Roemer’s mimosa, or sensitive briar, is the type of plant that Dr. Seuss might have invented for one of his children’s books. It’s bright, weird, and over-the-top! Many folks remember this species from childhood because the leaflets fold closed upon being touched. Native to north Texas and possibly Oklahoma, this low-growing beauty sends up adorable bright pink puffball flowers that are tipped in yellow-gold. Roemer’s mimosa blooms from spring through summer and likes full sun and drier soils. It’s hard not to get down on your stomach in the garden just to take a closer look at this one, and because it grows at a height of 2 to 6 inches, that’s about what it takes to make its close acquaintance.

Frog fruit
Frog fruit produces tiny, lacey flowers atop a tangle of creeping foliage.

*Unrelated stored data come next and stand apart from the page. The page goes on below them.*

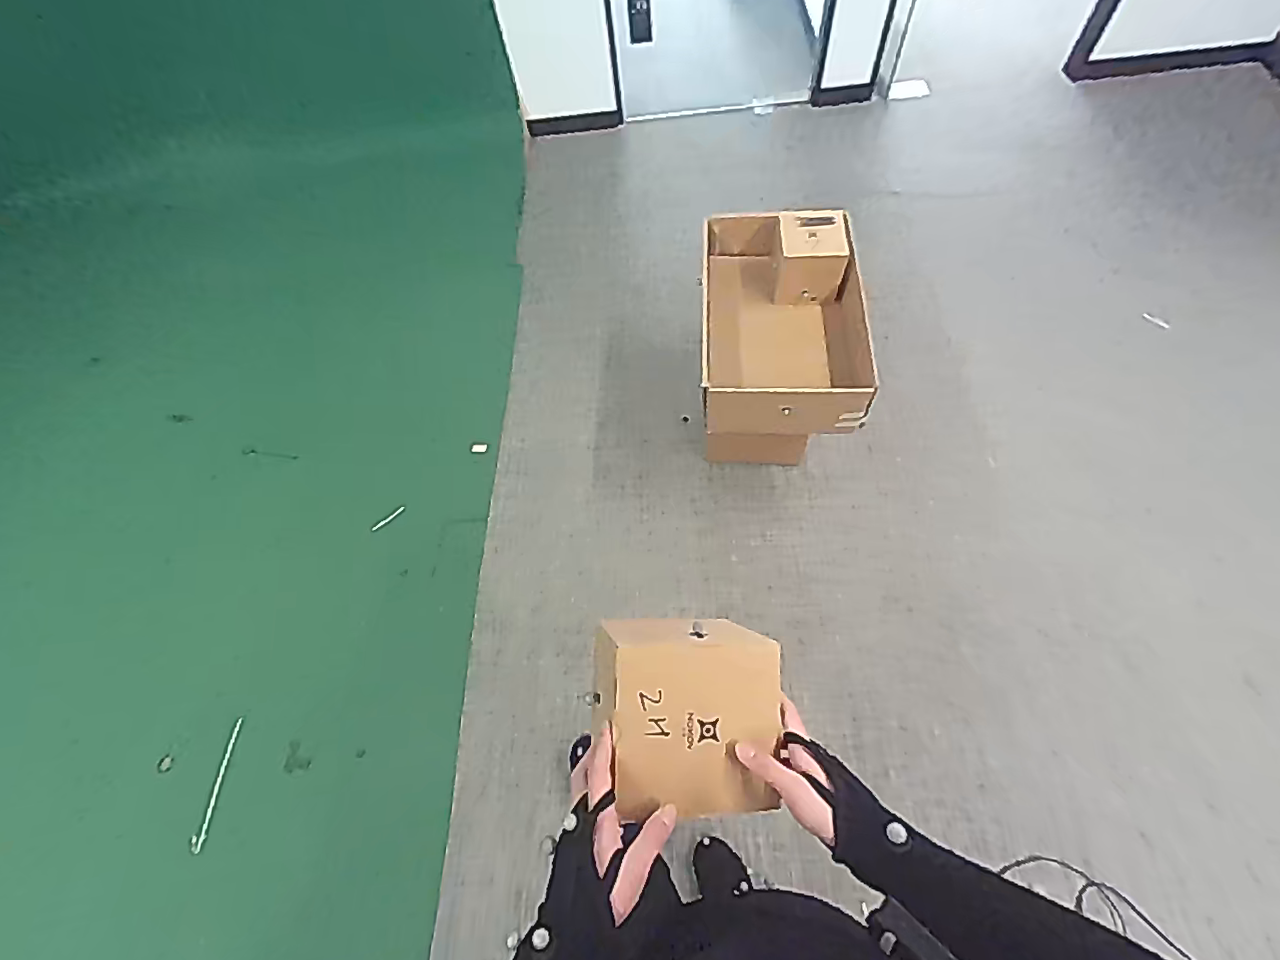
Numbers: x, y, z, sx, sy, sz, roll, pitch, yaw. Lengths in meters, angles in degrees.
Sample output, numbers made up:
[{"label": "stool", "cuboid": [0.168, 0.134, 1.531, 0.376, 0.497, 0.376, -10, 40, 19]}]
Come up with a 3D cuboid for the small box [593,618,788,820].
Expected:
[{"label": "small box", "cuboid": [0.047, 0.252, 0.608, 0.179, 0.176, 0.168, 4, 84, -10]}]
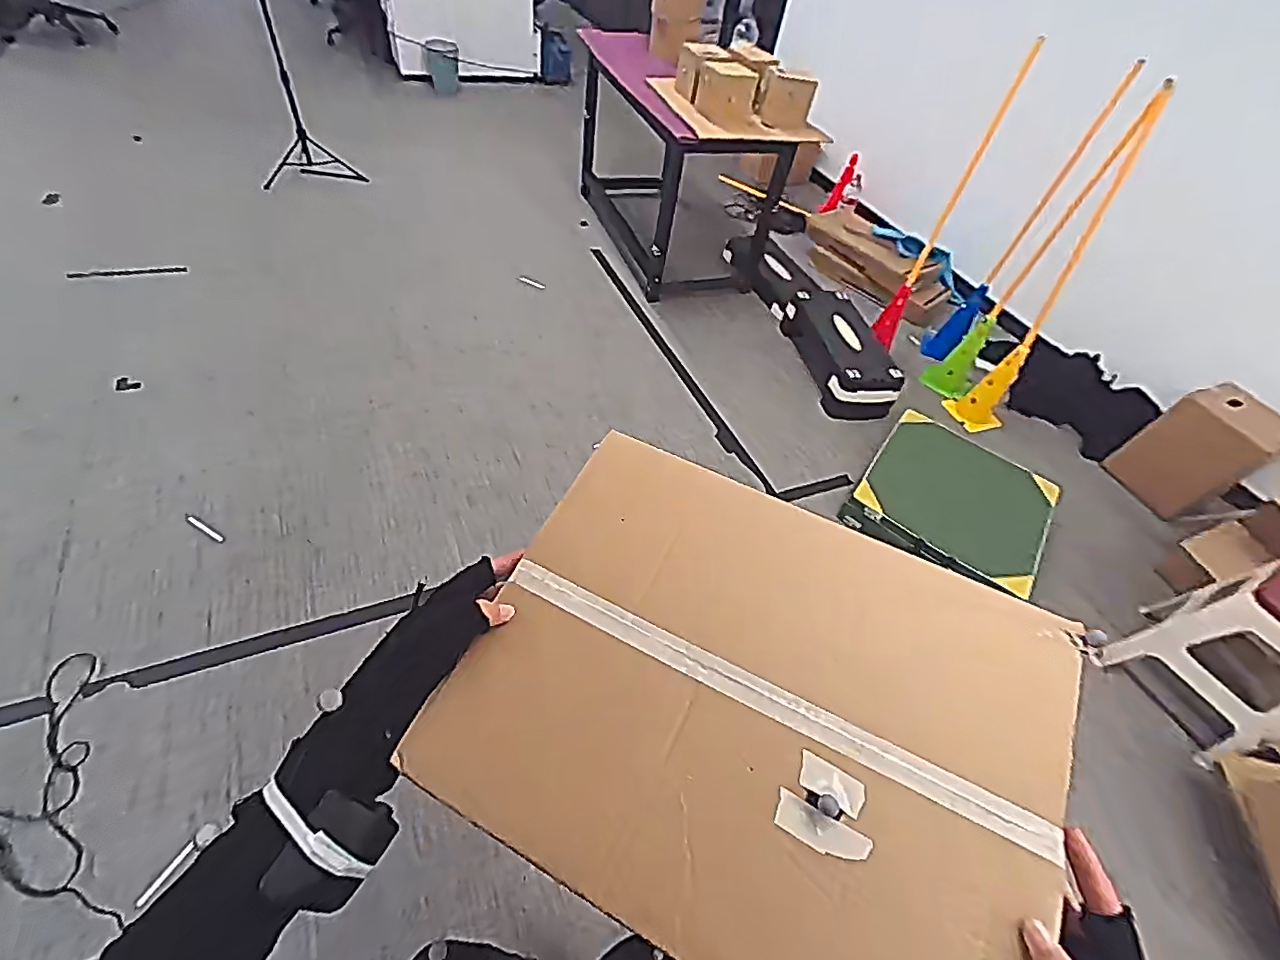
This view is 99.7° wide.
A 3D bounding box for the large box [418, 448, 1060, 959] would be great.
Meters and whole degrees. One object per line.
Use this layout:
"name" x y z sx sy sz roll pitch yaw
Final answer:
"large box" 0.085 0.233 0.529 0.408 0.320 0.320 24 63 14

Photo: Karen Beaty

Frog fruit

Phyla nodiflora, Zones 6–10

I really believe that frog fruit is an underutilized beauty in garden plantings. Its rambling dark green foliage makes for a good ground cover that remains evergreen in mild winters. In colder winters, it may die back to the roots, which resprout in spring. The tiny white flowers are clustered around a brown center. They appear to form one larger (but still very small) flower. Frog fruit is memorable for its fun name and is popular with the butterflies. At only 3 to 6 inches in height, it is truly a short (and sweet) perennial. This drought- and flood-tolerant species is reliable anywhere you need a tough, hardy, noninvasive ground cover. It will grow in sun to partial shade, and it blooms from May to October.

Silver ponyfoot
Silver ponyfoot contrasts well with green grass at the edge of a sunny border or trails beautifully out of a hanging basket. Photo: Karen Beaty

Silver ponyfoot

Dichondra argentea, Zones 8–9

While not as hardy or cold-tolerant as frog fruit, silver ponyfoot really shines when it’s in its element. Its silver-gray foliage looks bright and shiny in sunlight, and it provides a beautiful backdrop for more colorful bloomers planted among it. Grown as a ground cover, it won’t get taller than 2 to 4 inches. This plant requires an open, sunny spot that is well drained. It’s more cold-sensitive than the other species I mention here, acting as a perennial in Zones 8 and above, but it is easily used as an annual in Zones 7 and below. The blooms are not noticeable, but the foliage is what makes this plant special.

Purple poppy mallow
Purple poppy mallow has the color and characteristics of many other native wildflowers, but at a fraction of the height. Photo: Karen Beaty

Purple poppy mallow

Callirhoe involucrata, Zones 4–9

Purple poppy mallow, or winecup, produces 2-inch-wide bright purple flowers shaped like a cup. This plant is a low sprawler with dark green, deeply incised foliage that is somewhat variable in shape. This species is a little taller than the others mentioned here, occasionally reaching 12 inches in height with its blooms fully extended. It is more typically found growing at about half that height. Purple poppy mallow blooms throughout the spring and summer and is quite easy to grow. It can grow in sun or partial shade, dry or moist soil, rocky or sandy soil, and alkaline or acidic soil. Rabbits like to nibble down this perennial’s foliage, but I have successfully dissuaded them with nontoxic powder repellents such as Enviro Pro’s Rabbit Scram, and this plant is worth the trouble.

Consider one of these low-growing beauties the next time you need something short and sweet in your garden. And keep in mind that all four of these picks are quite drought tolerant.

—Karen Beaty is a horticulturalist at the Lady Bird Johnson Wildflower Center in Austin, Texas.